Тот меряет меня долгим взглядом и отодвигается.
— Вот сама и спроси у него. Он всплывет, как только наиграется.
— А Борк? — в который раз за эти дни спрашиваю я. — Когда придет Борк?
Никель хмурится, смотрит вперед и лохматит волосы рукой. Он уже несколько раз уходил от ответа. Он мог бы сделать это снова: сменить тему, виртуозно заговорить зубы, отделаться общими фразами. Но в этот раз он молчит, будто сама обстановка — не выносящий двуличности океан и бескрайнее небо располагают к честности.
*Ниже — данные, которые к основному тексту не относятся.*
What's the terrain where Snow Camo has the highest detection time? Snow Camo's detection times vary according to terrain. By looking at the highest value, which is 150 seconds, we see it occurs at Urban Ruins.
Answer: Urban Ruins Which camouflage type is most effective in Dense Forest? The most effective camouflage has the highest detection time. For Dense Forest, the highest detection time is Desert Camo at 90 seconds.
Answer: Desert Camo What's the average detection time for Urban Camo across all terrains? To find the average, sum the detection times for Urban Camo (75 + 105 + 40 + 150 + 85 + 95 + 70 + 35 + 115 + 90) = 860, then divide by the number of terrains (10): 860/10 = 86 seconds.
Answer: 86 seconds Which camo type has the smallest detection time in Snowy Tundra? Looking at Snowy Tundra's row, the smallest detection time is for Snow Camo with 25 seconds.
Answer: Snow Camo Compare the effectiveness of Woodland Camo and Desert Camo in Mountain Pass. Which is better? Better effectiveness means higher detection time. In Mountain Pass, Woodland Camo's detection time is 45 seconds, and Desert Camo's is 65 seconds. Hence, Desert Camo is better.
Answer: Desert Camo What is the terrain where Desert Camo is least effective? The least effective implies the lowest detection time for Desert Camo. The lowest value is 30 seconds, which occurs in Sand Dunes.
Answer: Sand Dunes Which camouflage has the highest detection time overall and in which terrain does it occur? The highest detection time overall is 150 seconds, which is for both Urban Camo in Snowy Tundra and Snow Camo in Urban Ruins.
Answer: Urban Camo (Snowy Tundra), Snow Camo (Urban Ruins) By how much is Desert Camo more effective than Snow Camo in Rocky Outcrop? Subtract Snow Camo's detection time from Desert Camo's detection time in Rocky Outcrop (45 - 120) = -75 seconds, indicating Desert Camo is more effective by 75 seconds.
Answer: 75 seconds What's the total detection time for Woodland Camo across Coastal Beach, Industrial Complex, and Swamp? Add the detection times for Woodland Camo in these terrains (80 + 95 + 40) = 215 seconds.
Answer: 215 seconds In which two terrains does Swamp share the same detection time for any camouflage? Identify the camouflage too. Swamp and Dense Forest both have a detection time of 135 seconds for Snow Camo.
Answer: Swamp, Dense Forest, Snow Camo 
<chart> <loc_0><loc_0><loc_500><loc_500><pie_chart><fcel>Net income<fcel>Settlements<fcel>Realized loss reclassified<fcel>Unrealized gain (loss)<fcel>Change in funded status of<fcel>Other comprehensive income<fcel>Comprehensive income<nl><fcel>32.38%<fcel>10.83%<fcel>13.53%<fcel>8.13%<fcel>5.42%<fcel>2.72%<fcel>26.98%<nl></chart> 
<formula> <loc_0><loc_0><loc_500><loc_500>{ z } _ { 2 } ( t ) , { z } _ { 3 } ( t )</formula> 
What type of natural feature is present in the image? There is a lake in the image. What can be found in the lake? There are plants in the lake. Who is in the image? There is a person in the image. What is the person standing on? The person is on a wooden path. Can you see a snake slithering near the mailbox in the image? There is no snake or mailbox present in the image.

Он до самого края искренен в своем молчании, и я ценю это. Но сейчас эта искренность отдает беспощадностью, выдавливая слезы из моих глаз.
Становится промозгло. Порывы ветра требовательно хватают меня за волосы — еще немного, и ливанет. Я ощущаю, что нагретые за день ступени окончательно теряют тепло, забирая его у меня. Плотнее закутываюсь в куртку: холод пробирает до мозга костей, заставляя сердце болезненно сжиматься
— Не знаю, — наконец говорит он.
В этих двух коротких словах столько растерянности, что мне хочется кричать.
Мне кажется, это я во всем виновата. Если бы я ненароком не выдала срок начала экспедиции, Борку не пришлось бы прикрывать наши с Ником задницы от ловцов Центра Разума. Кажется, он сделал это не по долгу службы, а по зову сердца. Будто, даже зная его пару дней от силы, я нашла в нем настоящего друга. Возможно, я ошибаюсь. Мне свойственно разочаровываться в людях, раньше времени наделяя их качествами, которых у них нет. Я погружаюсь в них сразу и без остатка, привязываюсь, как умеют делать только безнадежные одиночки.